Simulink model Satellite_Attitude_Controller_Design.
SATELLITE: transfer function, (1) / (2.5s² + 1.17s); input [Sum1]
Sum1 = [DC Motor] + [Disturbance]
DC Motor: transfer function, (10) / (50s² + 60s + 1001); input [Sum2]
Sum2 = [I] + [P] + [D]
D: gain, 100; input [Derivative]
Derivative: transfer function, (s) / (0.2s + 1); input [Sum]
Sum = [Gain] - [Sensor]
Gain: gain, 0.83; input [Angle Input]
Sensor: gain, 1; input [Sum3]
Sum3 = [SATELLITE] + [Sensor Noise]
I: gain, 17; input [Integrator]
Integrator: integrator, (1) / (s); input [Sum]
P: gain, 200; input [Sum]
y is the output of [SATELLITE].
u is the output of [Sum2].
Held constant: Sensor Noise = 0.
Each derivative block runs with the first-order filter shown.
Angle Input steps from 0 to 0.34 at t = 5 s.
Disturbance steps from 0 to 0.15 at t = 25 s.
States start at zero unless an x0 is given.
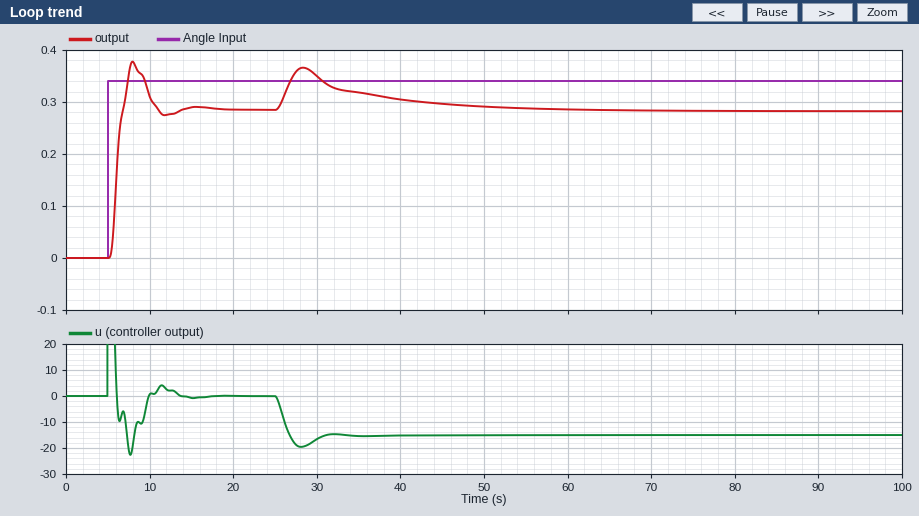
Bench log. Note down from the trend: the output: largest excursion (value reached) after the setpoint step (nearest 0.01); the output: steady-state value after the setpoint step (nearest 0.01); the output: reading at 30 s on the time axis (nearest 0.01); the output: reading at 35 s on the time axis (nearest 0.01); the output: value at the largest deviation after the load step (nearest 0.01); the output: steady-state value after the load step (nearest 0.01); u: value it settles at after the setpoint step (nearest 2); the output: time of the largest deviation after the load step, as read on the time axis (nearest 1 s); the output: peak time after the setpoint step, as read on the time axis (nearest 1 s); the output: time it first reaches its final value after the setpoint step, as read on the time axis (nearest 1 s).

++++++++++++++++++++

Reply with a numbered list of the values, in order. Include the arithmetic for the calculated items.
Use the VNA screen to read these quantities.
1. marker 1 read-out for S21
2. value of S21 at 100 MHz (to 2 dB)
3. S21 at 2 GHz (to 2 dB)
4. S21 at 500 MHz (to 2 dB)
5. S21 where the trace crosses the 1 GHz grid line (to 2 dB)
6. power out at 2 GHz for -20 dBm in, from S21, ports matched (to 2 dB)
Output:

++++++++++++++++++++

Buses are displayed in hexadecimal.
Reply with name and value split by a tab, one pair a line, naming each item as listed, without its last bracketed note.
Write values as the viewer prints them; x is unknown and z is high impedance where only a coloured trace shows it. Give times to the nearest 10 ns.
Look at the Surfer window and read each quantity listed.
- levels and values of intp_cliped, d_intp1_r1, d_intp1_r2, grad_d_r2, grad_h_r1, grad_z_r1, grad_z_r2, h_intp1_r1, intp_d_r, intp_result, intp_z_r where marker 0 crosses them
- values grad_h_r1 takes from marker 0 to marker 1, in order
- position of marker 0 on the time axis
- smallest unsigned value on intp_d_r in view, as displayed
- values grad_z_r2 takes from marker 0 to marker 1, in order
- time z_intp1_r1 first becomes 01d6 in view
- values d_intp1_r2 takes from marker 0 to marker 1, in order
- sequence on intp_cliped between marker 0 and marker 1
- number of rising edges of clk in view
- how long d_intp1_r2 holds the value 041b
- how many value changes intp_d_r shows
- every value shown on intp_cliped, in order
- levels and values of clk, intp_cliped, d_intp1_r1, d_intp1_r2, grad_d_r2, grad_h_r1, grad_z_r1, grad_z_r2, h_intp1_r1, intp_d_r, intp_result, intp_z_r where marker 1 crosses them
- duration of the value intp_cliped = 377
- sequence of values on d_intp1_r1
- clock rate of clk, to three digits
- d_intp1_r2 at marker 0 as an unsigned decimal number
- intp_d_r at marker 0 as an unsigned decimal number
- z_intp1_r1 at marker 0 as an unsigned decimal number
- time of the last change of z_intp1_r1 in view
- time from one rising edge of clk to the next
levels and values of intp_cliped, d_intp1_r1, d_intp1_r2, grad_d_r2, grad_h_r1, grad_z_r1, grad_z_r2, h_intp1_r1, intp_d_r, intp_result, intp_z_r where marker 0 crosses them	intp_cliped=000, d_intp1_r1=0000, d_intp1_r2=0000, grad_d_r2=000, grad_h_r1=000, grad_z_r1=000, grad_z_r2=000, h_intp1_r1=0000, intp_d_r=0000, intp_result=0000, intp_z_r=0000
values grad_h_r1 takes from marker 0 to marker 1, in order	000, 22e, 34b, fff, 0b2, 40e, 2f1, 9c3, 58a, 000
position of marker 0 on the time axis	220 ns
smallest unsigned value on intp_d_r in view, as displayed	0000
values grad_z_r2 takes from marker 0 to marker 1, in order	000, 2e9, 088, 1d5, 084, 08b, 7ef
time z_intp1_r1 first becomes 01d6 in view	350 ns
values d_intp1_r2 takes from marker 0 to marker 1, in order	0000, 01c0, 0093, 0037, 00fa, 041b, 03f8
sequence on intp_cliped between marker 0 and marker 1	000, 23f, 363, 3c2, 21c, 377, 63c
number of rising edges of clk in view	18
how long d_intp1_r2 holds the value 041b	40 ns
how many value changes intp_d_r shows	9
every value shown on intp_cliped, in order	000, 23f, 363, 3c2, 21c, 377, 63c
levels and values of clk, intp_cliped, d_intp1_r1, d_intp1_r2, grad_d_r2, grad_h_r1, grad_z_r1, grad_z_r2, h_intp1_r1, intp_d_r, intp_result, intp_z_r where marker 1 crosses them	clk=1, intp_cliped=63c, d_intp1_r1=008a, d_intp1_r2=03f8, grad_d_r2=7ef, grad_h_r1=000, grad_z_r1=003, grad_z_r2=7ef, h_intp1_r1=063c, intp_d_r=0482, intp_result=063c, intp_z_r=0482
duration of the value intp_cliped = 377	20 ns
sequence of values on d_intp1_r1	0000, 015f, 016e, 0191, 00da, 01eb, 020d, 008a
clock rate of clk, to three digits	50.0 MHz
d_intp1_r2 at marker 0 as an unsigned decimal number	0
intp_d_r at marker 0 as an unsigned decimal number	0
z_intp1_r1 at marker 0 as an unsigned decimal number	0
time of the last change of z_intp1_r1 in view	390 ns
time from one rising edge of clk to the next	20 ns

++++++++++++++++++++

* Activity *
Look back at the entries above and repeat, unchanged, every line from the line holding "- every value shown on intp_cliped, in order" through the line holding "- time of the".

* Answer to this task *
- every value shown on intp_cliped, in order
- levels and values of clk, intp_cliped, d_intp1_r1, d_intp1_r2, grad_d_r2, grad_h_r1, grad_z_r1, grad_z_r2, h_intp1_r1, intp_d_r, intp_result, intp_z_r where marker 1 crosses them
- duration of the value intp_cliped = 377
- sequence of values on d_intp1_r1
- clock rate of clk, to three digits
- d_intp1_r2 at marker 0 as an unsigned decimal number
- intp_d_r at marker 0 as an unsigned decimal number
- z_intp1_r1 at marker 0 as an unsigned decimal number
- time of the last change of z_intp1_r1 in view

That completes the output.